Espero que venhamos o mais tarde possível porque a seleção e o país precisam disto. Precisa de um misto de ambição e competência. Mas o nosso mister sabe que esta seleção deve assentar num compromisso enorme e que terá um jogador fora do normal para decidir nas horas mais complexas, como foi com a Hungria ou País de Gales. Mas também teremos de ter outras forças e alternativas. Não só em redor da magia do Bernardo Silva ou da experiência de Pepe. Ou de conseguirmos que um André Silva ou Gonçalo Guedes marquem mais do que o esperado.

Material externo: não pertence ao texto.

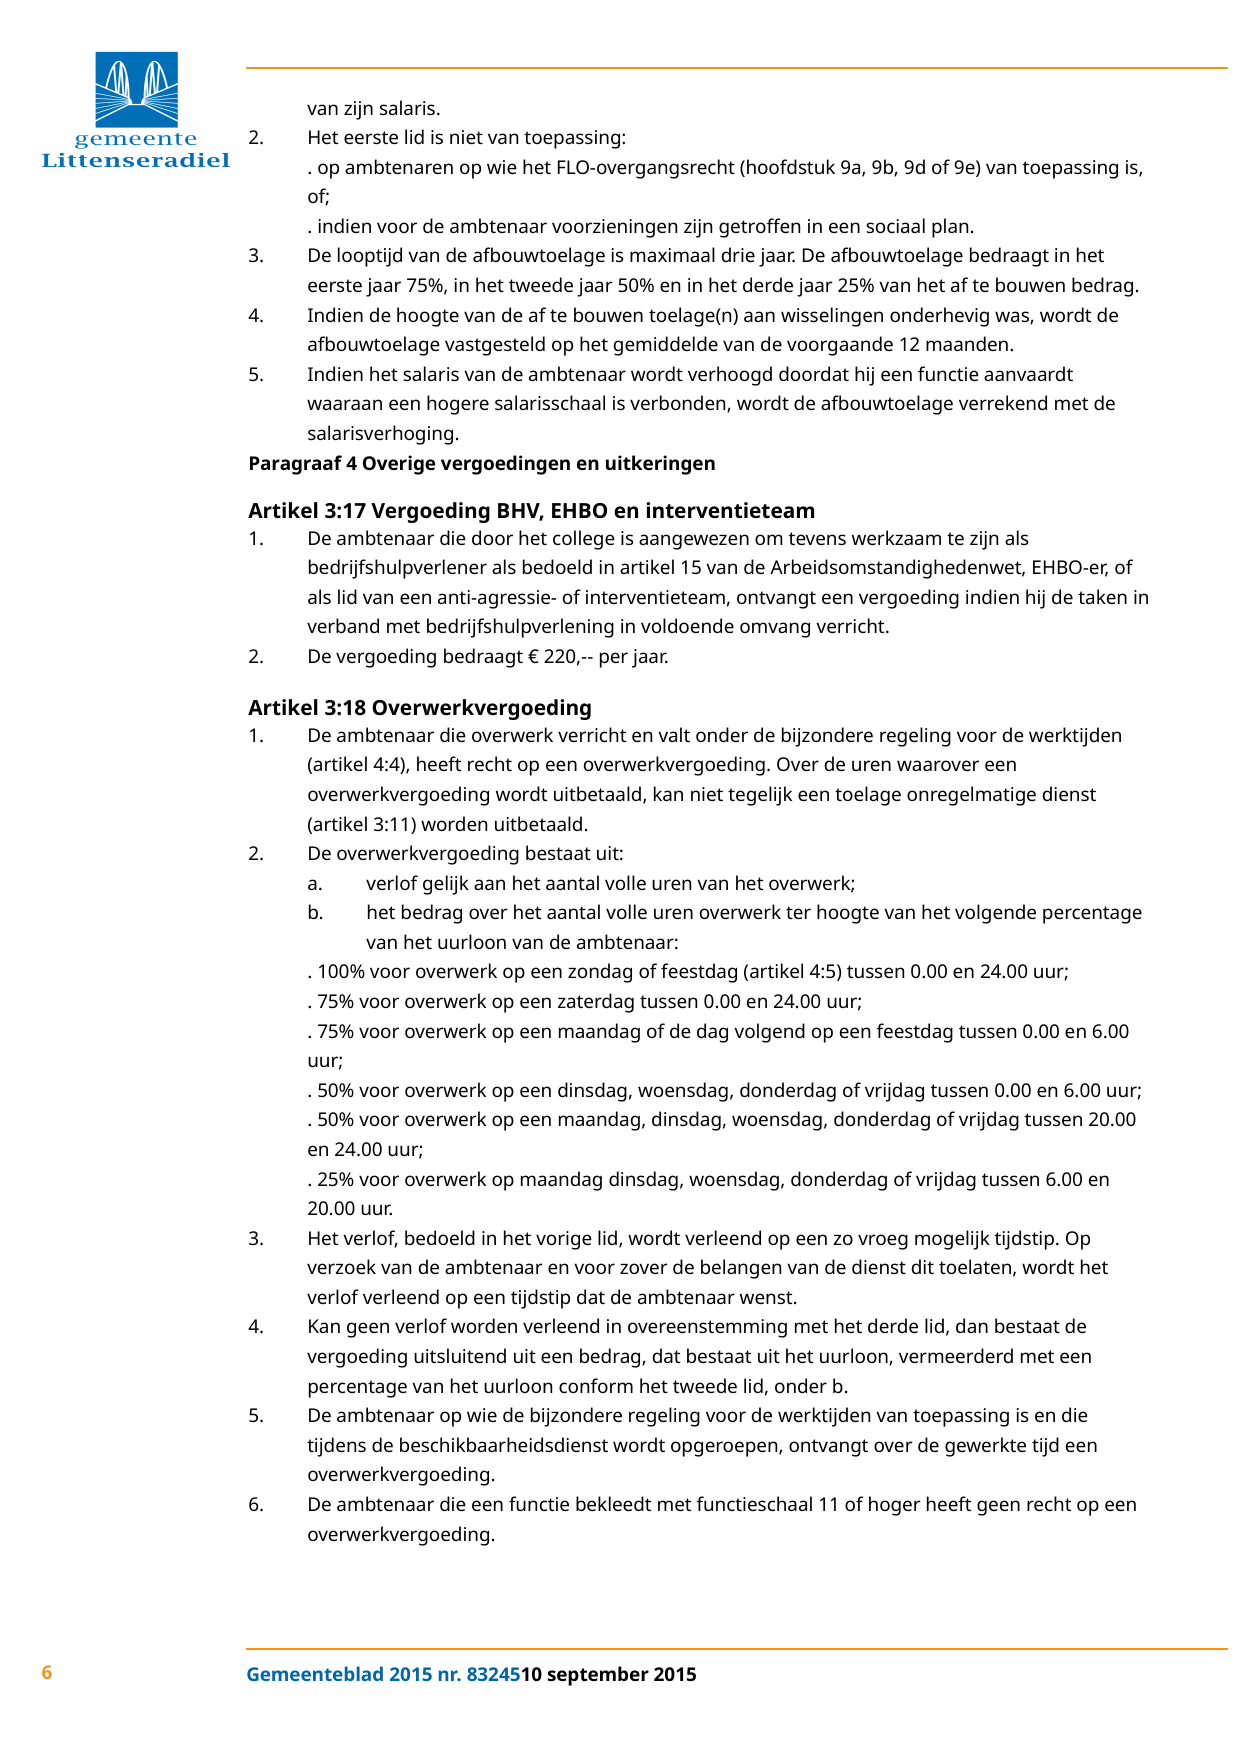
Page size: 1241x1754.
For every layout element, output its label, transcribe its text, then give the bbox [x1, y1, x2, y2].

list Indien het salaris van de ambtenaar wordt verhoogd doordat hij een functie aanvaardt waaraan een hogere salarisschaal is verbonden, wordt de afbouwtoelage verrekend met de salarisverhoging. [248, 361, 1152, 446]
list De vergoeding bedraagt € 220,-- per jaar. [248, 643, 1152, 669]
text Artikel 3:17 Vergoeding BHV, EHBO en interventieteam [248, 496, 1152, 525]
list het bedrag over het aantal volle uren overwerk ter hoogte van het volgende percentage van het uurloon van de ambtenaar: [307, 899, 1152, 955]
list . op ambtenaren op wie het FLO-overgangsrecht (hoofdstuk 9a, 9b, 9d of 9e) van toepassing is, of; [248, 154, 1152, 209]
list van zijn salaris. [248, 95, 1152, 121]
list . 100% voor overwerk op een zondag of feestdag (artikel 4:5) tussen 0.00 en 24.00 uur; [248, 959, 1152, 984]
text Artikel 3:18 Overwerkvergoeding [248, 693, 1152, 722]
list . 75% voor overwerk op een maandag of de dag volgend op een feestdag tussen 0.00 en 6.00 uur; [248, 1018, 1152, 1073]
list . indien voor de ambtenaar voorzieningen zijn getroffen in een sociaal plan. [248, 213, 1152, 239]
list . 50% voor overwerk op een maandag, dinsdag, woensdag, donderdag of vrijdag tussen 20.00 en 24.00 uur; [248, 1107, 1152, 1162]
list De ambtenaar die een functie bekleedt met functieschaal 11 of hoger heeft geen recht op een overwerkvergoeding. [248, 1491, 1152, 1546]
list Indien de hoogte van de af te bouwen toelage(n) aan wisselingen onderhevig was, wordt de afbouwtoelage vastgesteld op het gemiddelde van de voorgaande 12 maanden. [248, 302, 1152, 357]
list . 75% voor overwerk op een zaterdag tussen 0.00 en 24.00 uur; [248, 988, 1152, 1014]
list . 25% voor overwerk op maandag dinsdag, woensdag, donderdag of vrijdag tussen 6.00 en 20.00 uur. [248, 1166, 1152, 1221]
list De overwerkvergoeding bestaat uit: [248, 840, 1152, 866]
list Het eerste lid is niet van toepassing: [248, 124, 1152, 150]
list . 50% voor overwerk op een dinsdag, woensdag, donderdag of vrijdag tussen 0.00 en 6.00 uur; [248, 1077, 1152, 1103]
list De ambtenaar op wie de bijzondere regeling voor de werktijden van toepassing is en die tijdens de beschikbaarheidsdienst wordt opgeroepen, ontvangt over de gewerkte tijd een overwerkvergoeding. [248, 1402, 1152, 1487]
list De ambtenaar die overwerk verricht en valt onder de bijzondere regeling voor de werktijden (artikel 4:4), heeft recht op een overwerkvergoeding. Over de uren waarover een overwerkvergoeding wordt uitbetaald, kan niet tegelijk een toelage onregelmatige dienst (artikel 3:11) worden uitbetaald. [248, 722, 1152, 836]
picture [41, 47, 231, 172]
list De looptijd van de afbouwtoelage is maximaal drie jaar. De afbouwtoelage bedraagt in het eerste jaar 75%, in het tweede jaar 50% en in het derde jaar 25% van het af te bouwen bedrag. [248, 243, 1152, 298]
list verlof gelijk aan het aantal volle uren van het overwerk; [307, 870, 1152, 896]
list Kan geen verlof worden verleend in overeenstemming met het derde lid, dan bestaat de vergoeding uitsluitend uit een bedrag, dat bestaat uit het uurloon, vermeerderd met een percentage van het uurloon conform het tweede lid, onder b. [248, 1314, 1152, 1398]
list Het verlof, bedoeld in het vorige lid, wordt verleend op een zo vroeg mogelijk tijdstip. Op verzoek van de ambtenaar en voor zover de belangen van de dienst dit toelaten, wordt het verlof verleend op een tijdstip dat de ambtenaar wenst. [248, 1225, 1152, 1310]
list De ambtenaar die door het college is aangewezen om tevens werkzaam te zijn als bedrijfshulpverlener als bedoeld in artikel 15 van de Arbeidsomstandighedenwet, EHBO-er, of als lid van een anti-agressie- of interventieteam, ontvangt een vergoeding indien hij de taken in verband met bedrijfshulpverlening in voldoende omvang verricht. [248, 525, 1152, 639]
text Paragraaf 4 Overige vergoedingen en uitkeringen [248, 450, 1152, 476]
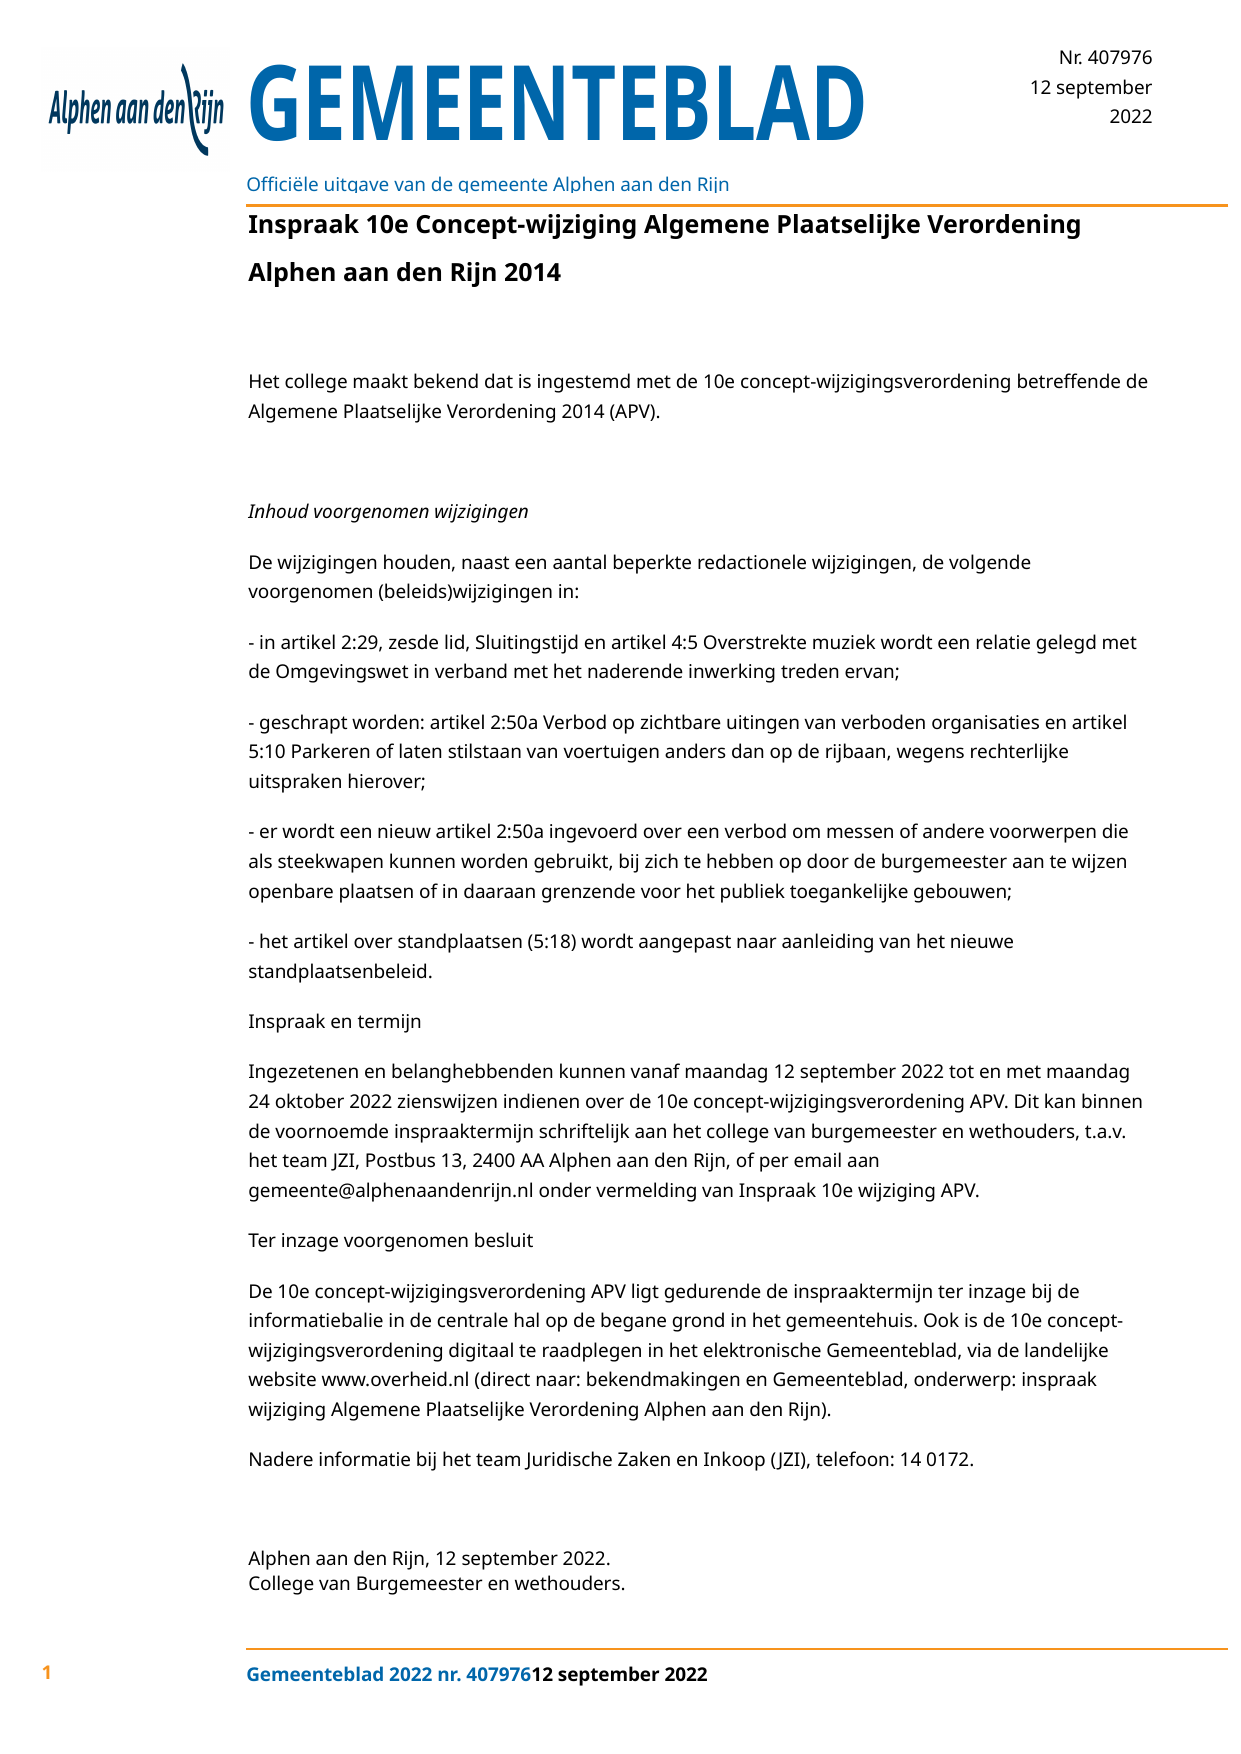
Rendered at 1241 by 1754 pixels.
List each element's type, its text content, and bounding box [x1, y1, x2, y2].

text Alphen aan den Rijn, 12 september 2022. [248, 1545, 1152, 1571]
text - in artikel 2:29, zesde lid, Sluitingstijd en artikel 4:5 Overstrekte muziek wordt een relatie gelegd met de Omgevingswet in verband met het naderende inwerking treden ervan; [248, 629, 1152, 684]
text Ingezetenen en belanghebbenden kunnen vanaf maandag 12 september 2022 tot en met maandag 24 oktober 2022 zienswijzen indienen over de 10e concept-wijzigingsverordening APV. Dit kan binnen de voornoemde inspraaktermijn schriftelijk aan het college van burgemeester en wethouders, t.a.v. het team JZI, Postbus 13, 2400 AA Alphen aan den Rijn, of per email aan gemeente@alphenaandenrijn.nl onder vermelding van Inspraak 10e wijziging APV. [248, 1059, 1152, 1203]
text College van Burgemeester en wethouders. [248, 1571, 1152, 1596]
text De wijzigingen houden, naast een aantal beperkte redactionele wijzigingen, de volgende voorgenomen (beleids)wijzigingen in: [248, 549, 1152, 604]
text Inspraak en termijn [248, 1008, 1152, 1034]
text Inhoud voorgenomen wijzigingen [248, 499, 1152, 524]
picture [41, 47, 231, 172]
text Inspraak 10e Concept-wijziging Algemene Plaatselijke Verordening Alphen aan den Rijn 2014 [248, 207, 1152, 288]
text Nadere informatie bij het team Juridische Zaken en Inkoop (JZI), telefoon: 14 0172. [248, 1447, 1152, 1472]
text - geschrapt worden: artikel 2:50a Verbod op zichtbare uitingen van verboden organisaties en artikel 5:10 Parkeren of laten stilstaan van voertuigen anders dan op de rijbaan, wegens rechterlijke uitspraken hierover; [248, 709, 1152, 794]
text - het artikel over standplaatsen (5:18) wordt aangepast naar aanleiding van het nieuwe standplaatsenbeleid. [248, 928, 1152, 984]
text Het college maakt bekend dat is ingestemd met de 10e concept-wijzigingsverordening betreffende de Algemene Plaatselijke Verordening 2014 (APV). [248, 368, 1152, 424]
text De 10e concept-wijzigingsverordening APV ligt gedurende de inspraaktermijn ter inzage bij de informatiebalie in de centrale hal op de begane grond in het gemeentehuis. Ook is de 10e concept-wijzigingsverordening digitaal te raadplegen in het elektronische Gemeenteblad, via de landelijke website www.overheid.nl (direct naar: bekendmakingen en Gemeenteblad, onderwerp: inspraak wijziging Algemene Plaatselijke Verordening Alphen aan den Rijn). [248, 1278, 1152, 1422]
text - er wordt een nieuw artikel 2:50a ingevoerd over een verbod om messen of andere voorwerpen die als steekwapen kunnen worden gebruikt, bij zich te hebben op door de burgemeester aan te wijzen openbare plaatsen of in daaraan grenzende voor het publiek toegankelijke gebouwen; [248, 819, 1152, 904]
text Ter inzage voorgenomen besluit [248, 1227, 1152, 1253]

O fenómeno da liderança e das equipas continua a ser um mistério interessante de se analisar. Mas também sabemos que apesar de não existirem receitas, há denominadores comuns para que as coisas corram melhor. E sinceramente, sou daqueles que gosto de ver Fernando Santos à frente da nossa seleção. Mas muitas das vezes, o máximo da nossa competência pode não chegar para o título. E por outro lado, não chegar ao fim, não significará que estivemos mal.